WHAT YOU WILL DO:
If a line in the following entries contains the string "instrument", it counts toward the total; report only that total.

Dataset entries:

_ _ _ _ _

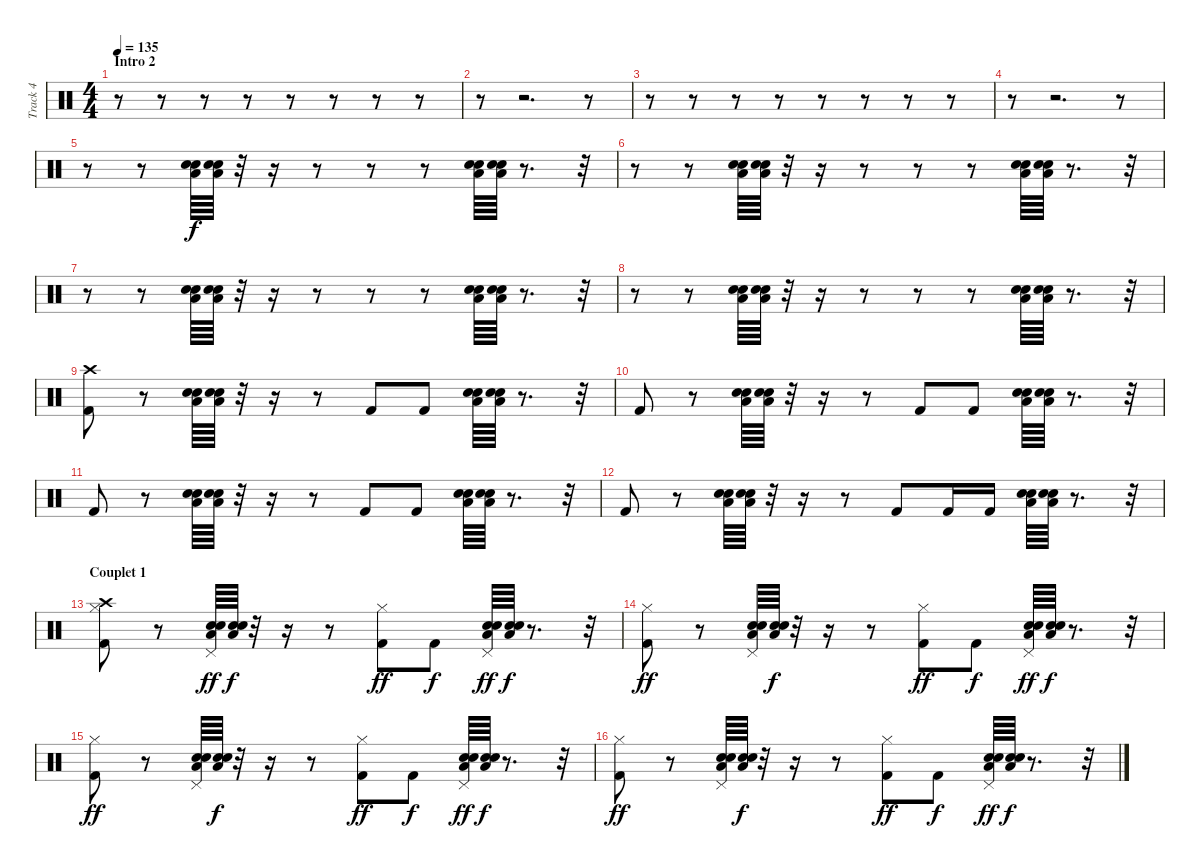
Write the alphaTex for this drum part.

\track ("Track 4" "Track 4") {instrument percussion}
\staff {score}
\articulation defaults
\ts (4 4)
\section ("" "Intro 2")
\tempo 135
\clef neutral
\ks c
r.8{dy f} r.8 r.8 r.8 r.8 r.8 r.8 r.8 |
r.8 r.2{d} r.8 |
r.8 r.8 r.8 r.8 r.8 r.8 r.8 r.8 |
r.8 r.2{d} r.8 |
r.8 r.8 ("Electric Snare (hit)" "Low Tom (hit)" "Snare (hit) 2").64 ("Electric Snare (hit)" "Low Tom (hit)" "Snare (hit) 2").64 r.32 r.16 r.8 r.8 r.8 ("Electric Snare (hit)" "Low Tom (hit)" "Snare (hit) 2").64 ("Electric Snare (hit)" "Low Tom (hit)" "Snare (hit) 2").64 r.8{d} r.32 |
r.8 r.8 ("Electric Snare (hit)" "Low Tom (hit)" "Snare (hit) 2").64 ("Electric Snare (hit)" "Low Tom (hit)" "Snare (hit) 2").64 r.32 r.16 r.8 r.8 r.8 ("Electric Snare (hit)" "Low Tom (hit)" "Snare (hit) 2").64 ("Electric Snare (hit)" "Low Tom (hit)" "Snare (hit) 2").64 r.8{d} r.32 |
r.8 r.8 ("Electric Snare (hit)" "Low Tom (hit)" "Snare (hit) 2").64 ("Electric Snare (hit)" "Low Tom (hit)" "Snare (hit) 2").64 r.32 r.16 r.8 r.8 r.8 ("Electric Snare (hit)" "Low Tom (hit)" "Snare (hit) 2").64 ("Electric Snare (hit)" "Low Tom (hit)" "Snare (hit) 2").64 r.8{d} r.32 |
r.8 r.8 ("Electric Snare (hit)" "Low Tom (hit)" "Snare (hit) 2").64 ("Electric Snare (hit)" "Low Tom (hit)" "Snare (hit) 2").64 r.32 r.16 r.8 r.8 r.8 ("Electric Snare (hit)" "Low Tom (hit)" "Snare (hit) 2").64 ("Electric Snare (hit)" "Low Tom (hit)" "Snare (hit) 2").64 r.8{d} r.32 |
("Kick (hit) 2" "Crash high (hit)").8 r.8 ("Electric Snare (hit)" "Low Tom (hit)" "Snare (hit) 2").64 ("Electric Snare (hit)" "Low Tom (hit)" "Snare (hit) 2").64 r.32 r.16 r.8 "Kick (hit) 2".8 "Kick (hit) 2".8 ("Electric Snare (hit)" "Low Tom (hit)" "Snare (hit) 2").64 ("Electric Snare (hit)" "Low Tom (hit)" "Snare (hit) 2").64 r.8{d} r.32 |
"Kick (hit) 2".8 r.8 ("Electric Snare (hit)" "Low Tom (hit)" "Snare (hit) 2").64 ("Electric Snare (hit)" "Low Tom (hit)" "Snare (hit) 2").64 r.32 r.16 r.8 "Kick (hit) 2".8 "Kick (hit) 2".8 ("Electric Snare (hit)" "Low Tom (hit)" "Snare (hit) 2").64 ("Electric Snare (hit)" "Low Tom (hit)" "Snare (hit) 2").64 r.8{d} r.32 |
"Kick (hit) 2".8 r.8 ("Electric Snare (hit)" "Low Tom (hit)" "Snare (hit) 2").64 ("Electric Snare (hit)" "Low Tom (hit)" "Snare (hit) 2").64 r.32 r.16 r.8 "Kick (hit) 2".8 "Kick (hit) 2".8 ("Electric Snare (hit)" "Low Tom (hit)" "Snare (hit) 2").64 ("Electric Snare (hit)" "Low Tom (hit)" "Snare (hit) 2").64 r.8{d} r.32 |
"Kick (hit) 2".8 r.8 ("Electric Snare (hit)" "Low Tom (hit)" "Snare (hit) 2").64 ("Electric Snare (hit)" "Low Tom (hit)" "Snare (hit) 2").64 r.32 r.16 r.8 "Kick (hit) 2".8 "Kick (hit) 2".16 "Kick (hit) 2".16 ("Electric Snare (hit)" "Low Tom (hit)" "Snare (hit) 2").64 ("Electric Snare (hit)" "Low Tom (hit)" "Snare (hit) 2").64 r.8{d} r.32 |
\section ("" "Couplet 1")
("Kick (hit) 2" "Hi-Hat (closed)" "Crash high (hit)").8 r.8 ("Electric Snare (hit)" "Low Tom (hit)" "Snare (hit) 2" "Pedal Hi-Hat (hit)").64{dy ff} ("Electric Snare (hit)" "Low Tom (hit)" "Snare (hit) 2").64{dy f} r.32 r.16 r.8 ("Kick (hit) 2" "Hi-Hat (closed)").8{dy ff} "Kick (hit) 2".8{dy f} ("Electric Snare (hit)" "Low Tom (hit)" "Snare (hit) 2" "Pedal Hi-Hat (hit)").64{dy ff} ("Electric Snare (hit)" "Low Tom (hit)" "Snare (hit) 2").64{dy f} r.8{d} r.32 |
("Kick (hit) 2" "Hi-Hat (closed)").8{dy ff} r.8 ("Electric Snare (hit)" "Low Tom (hit)" "Snare (hit) 2" "Pedal Hi-Hat (hit)").64 ("Electric Snare (hit)" "Low Tom (hit)" "Snare (hit) 2").64{dy f} r.32 r.16 r.8 ("Kick (hit) 2" "Hi-Hat (closed)").8{dy ff} "Kick (hit) 2".8{dy f} ("Electric Snare (hit)" "Low Tom (hit)" "Snare (hit) 2" "Pedal Hi-Hat (hit)").64{dy ff} ("Electric Snare (hit)" "Low Tom (hit)" "Snare (hit) 2").64{dy f} r.8{d} r.32 |
("Kick (hit) 2" "Hi-Hat (closed)").8{dy ff} r.8 ("Electric Snare (hit)" "Low Tom (hit)" "Snare (hit) 2" "Pedal Hi-Hat (hit)").64 ("Electric Snare (hit)" "Low Tom (hit)" "Snare (hit) 2").64{dy f} r.32 r.16 r.8 ("Kick (hit) 2" "Hi-Hat (closed)").8{dy ff} "Kick (hit) 2".8{dy f} ("Electric Snare (hit)" "Low Tom (hit)" "Snare (hit) 2" "Pedal Hi-Hat (hit)").64{dy ff} ("Electric Snare (hit)" "Low Tom (hit)" "Snare (hit) 2").64{dy f} r.8{d} r.32 |
("Kick (hit) 2" "Hi-Hat (closed)").8{dy ff} r.8 ("Electric Snare (hit)" "Low Tom (hit)" "Snare (hit) 2" "Pedal Hi-Hat (hit)").64 ("Electric Snare (hit)" "Low Tom (hit)" "Snare (hit) 2").64{dy f} r.32 r.16 r.8 ("Kick (hit) 2" "Hi-Hat (closed)").8{dy ff} "Kick (hit) 2".8{dy f} ("Electric Snare (hit)" "Low Tom (hit)" "Snare (hit) 2" "Pedal Hi-Hat (hit)").64{dy ff} ("Electric Snare (hit)" "Low Tom (hit)" "Snare (hit) 2").64{dy f} r.8{d} r.32
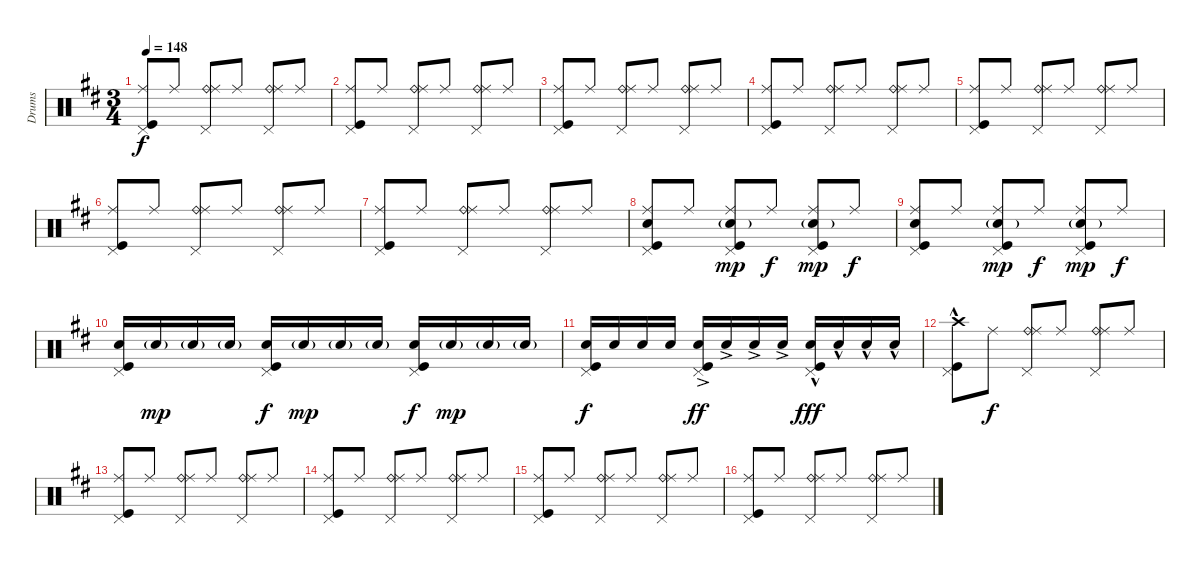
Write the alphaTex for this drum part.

\track ("Drums" "Drums") {instrument percussion}
\staff {score}
\articulation defaults
\ts (3 4)
\tempo 148
\clef neutral
\ks bminor
("Pedal Hi-Hat (hit)" "Ride (middle)" "Kick (hit)").8{dy f} "Ride (middle)".8 ("Pedal Hi-Hat (hit)" "Ride (bell)" "Ride (middle)").8 "Ride (middle)".8 ("Pedal Hi-Hat (hit)" "Ride (bell)" "Ride (middle)").8 "Ride (middle)".8 |
("Pedal Hi-Hat (hit)" "Ride (middle)" "Kick (hit)").8 "Ride (middle)".8 ("Pedal Hi-Hat (hit)" "Ride (bell)" "Ride (middle)").8 "Ride (middle)".8 ("Pedal Hi-Hat (hit)" "Ride (bell)" "Ride (middle)").8 "Ride (middle)".8 |
("Pedal Hi-Hat (hit)" "Ride (middle)" "Kick (hit)").8 "Ride (middle)".8 ("Pedal Hi-Hat (hit)" "Ride (bell)" "Ride (middle)").8 "Ride (middle)".8 ("Pedal Hi-Hat (hit)" "Ride (bell)" "Ride (middle)").8 "Ride (middle)".8 |
("Pedal Hi-Hat (hit)" "Ride (middle)" "Kick (hit)").8 "Ride (middle)".8 ("Pedal Hi-Hat (hit)" "Ride (bell)" "Ride (middle)").8 "Ride (middle)".8 ("Pedal Hi-Hat (hit)" "Ride (bell)" "Ride (middle)").8 "Ride (middle)".8 |
("Pedal Hi-Hat (hit)" "Ride (middle)" "Kick (hit)").8 "Ride (middle)".8 ("Pedal Hi-Hat (hit)" "Ride (bell)" "Ride (middle)").8 "Ride (middle)".8 ("Pedal Hi-Hat (hit)" "Ride (bell)" "Ride (middle)").8 "Ride (middle)".8 |
("Pedal Hi-Hat (hit)" "Ride (middle)" "Kick (hit)").8 "Ride (middle)".8 ("Pedal Hi-Hat (hit)" "Ride (bell)" "Ride (middle)").8 "Ride (middle)".8 ("Pedal Hi-Hat (hit)" "Ride (bell)" "Ride (middle)").8 "Ride (middle)".8 |
("Pedal Hi-Hat (hit)" "Ride (middle)" "Kick (hit)").8 "Ride (middle)".8 ("Pedal Hi-Hat (hit)" "Ride (bell)" "Ride (middle)").8 "Ride (middle)".8 ("Pedal Hi-Hat (hit)" "Ride (bell)" "Ride (middle)").8 "Ride (middle)".8 |
("Pedal Hi-Hat (hit)" "Snare (hit) 2" "Ride (middle)" "Kick (hit)").8 "Ride (middle)".8 ("Pedal Hi-Hat (hit)" "Snare (hit) 2"{g} "Ride (middle)" "Kick (hit)").8{dy mp} "Ride (middle)".8{dy f} ("Pedal Hi-Hat (hit)" "Snare (hit) 2"{g} "Ride (middle)" "Kick (hit)").8{dy mp} "Ride (middle)".8{dy f} |
("Pedal Hi-Hat (hit)" "Snare (hit) 2" "Ride (middle)" "Kick (hit)").8 "Ride (middle)".8 ("Pedal Hi-Hat (hit)" "Snare (hit) 2"{g} "Ride (middle)" "Kick (hit)").8{dy mp} "Ride (middle)".8{dy f} ("Pedal Hi-Hat (hit)" "Snare (hit) 2"{g} "Ride (middle)" "Kick (hit)").8{dy mp} "Ride (middle)".8{dy f} |
("Pedal Hi-Hat (hit)" "Snare (hit) 2" "Kick (hit)").16 "Snare (hit) 2"{g}.16{dy mp} "Snare (hit) 2"{g}.16 "Snare (hit) 2"{g}.16 ("Pedal Hi-Hat (hit)" "Snare (hit) 2" "Kick (hit)").16{dy f} "Snare (hit) 2"{g}.16{dy mp} "Snare (hit) 2"{g}.16 "Snare (hit) 2"{g}.16 ("Pedal Hi-Hat (hit)" "Snare (hit) 2" "Kick (hit)").16{dy f} "Snare (hit) 2"{g}.16{dy mp} "Snare (hit) 2"{g}.16 "Snare (hit) 2"{g}.16 |
("Pedal Hi-Hat (hit)" "Snare (hit) 2" "Kick (hit)").16{dy f} "Snare (hit) 2".16 "Snare (hit) 2".16 "Snare (hit) 2".16 ("Pedal Hi-Hat (hit)"{ac} "Snare (hit) 2"{ac} "Kick (hit)"{ac}).16{dy ff} "Snare (hit) 2"{ac}.16 "Snare (hit) 2"{ac}.16 "Snare (hit) 2"{ac}.16 ("Pedal Hi-Hat (hit)"{hac} "Snare (hit) 2"{hac} "Kick (hit)"{hac}).16{dy fff} "Snare (hit) 2"{hac}.16 "Snare (hit) 2"{hac}.16 "Snare (hit) 2"{hac}.16 |
("Pedal Hi-Hat (hit)" "Crash high (hit)"{hac} "Kick (hit)"{hac}).8 "Ride (middle)".8{dy f} ("Pedal Hi-Hat (hit)" "Ride (bell)" "Ride (middle)").8 "Ride (middle)".8 ("Pedal Hi-Hat (hit)" "Ride (bell)" "Ride (middle)").8 "Ride (middle)".8 |
("Pedal Hi-Hat (hit)" "Ride (middle)" "Kick (hit)").8 "Ride (middle)".8 ("Pedal Hi-Hat (hit)" "Ride (bell)" "Ride (middle)").8 "Ride (middle)".8 ("Pedal Hi-Hat (hit)" "Ride (bell)" "Ride (middle)").8 "Ride (middle)".8 |
("Pedal Hi-Hat (hit)" "Ride (middle)" "Kick (hit)").8 "Ride (middle)".8 ("Pedal Hi-Hat (hit)" "Ride (bell)" "Ride (middle)").8 "Ride (middle)".8 ("Pedal Hi-Hat (hit)" "Ride (bell)" "Ride (middle)").8 "Ride (middle)".8 |
("Pedal Hi-Hat (hit)" "Ride (middle)" "Kick (hit)").8 "Ride (middle)".8 ("Pedal Hi-Hat (hit)" "Ride (bell)" "Ride (middle)").8 "Ride (middle)".8 ("Pedal Hi-Hat (hit)" "Ride (bell)" "Ride (middle)").8 "Ride (middle)".8 |
("Pedal Hi-Hat (hit)" "Ride (middle)" "Kick (hit)").8 "Ride (middle)".8 ("Pedal Hi-Hat (hit)" "Ride (bell)" "Ride (middle)").8 "Ride (middle)".8 ("Pedal Hi-Hat (hit)" "Ride (bell)" "Ride (middle)").8 "Ride (middle)".8
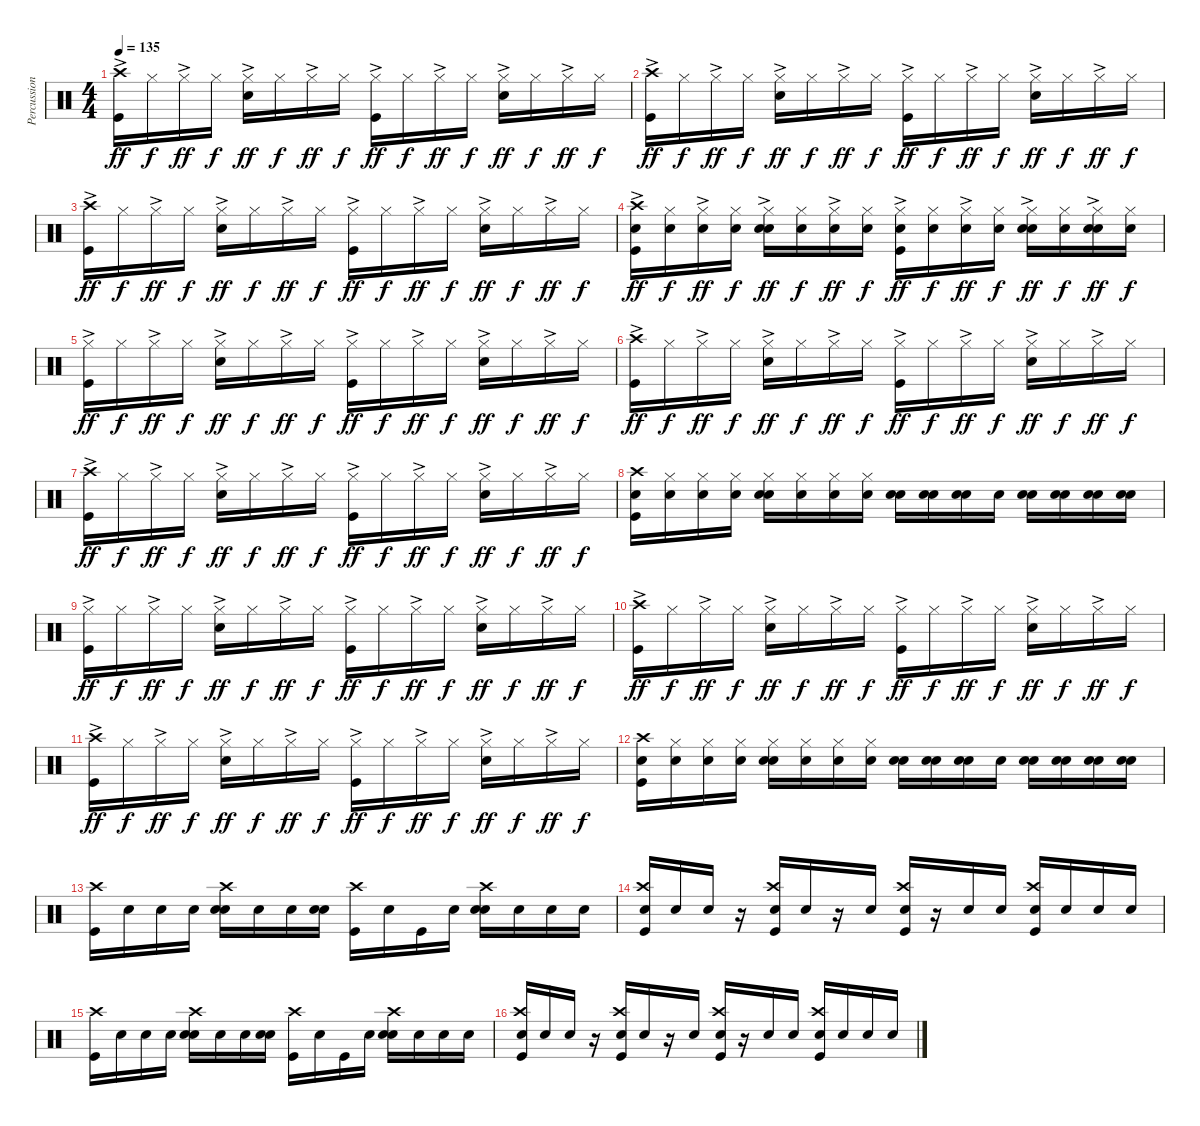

_ _ _ _ _

FINAL ANSWER:
2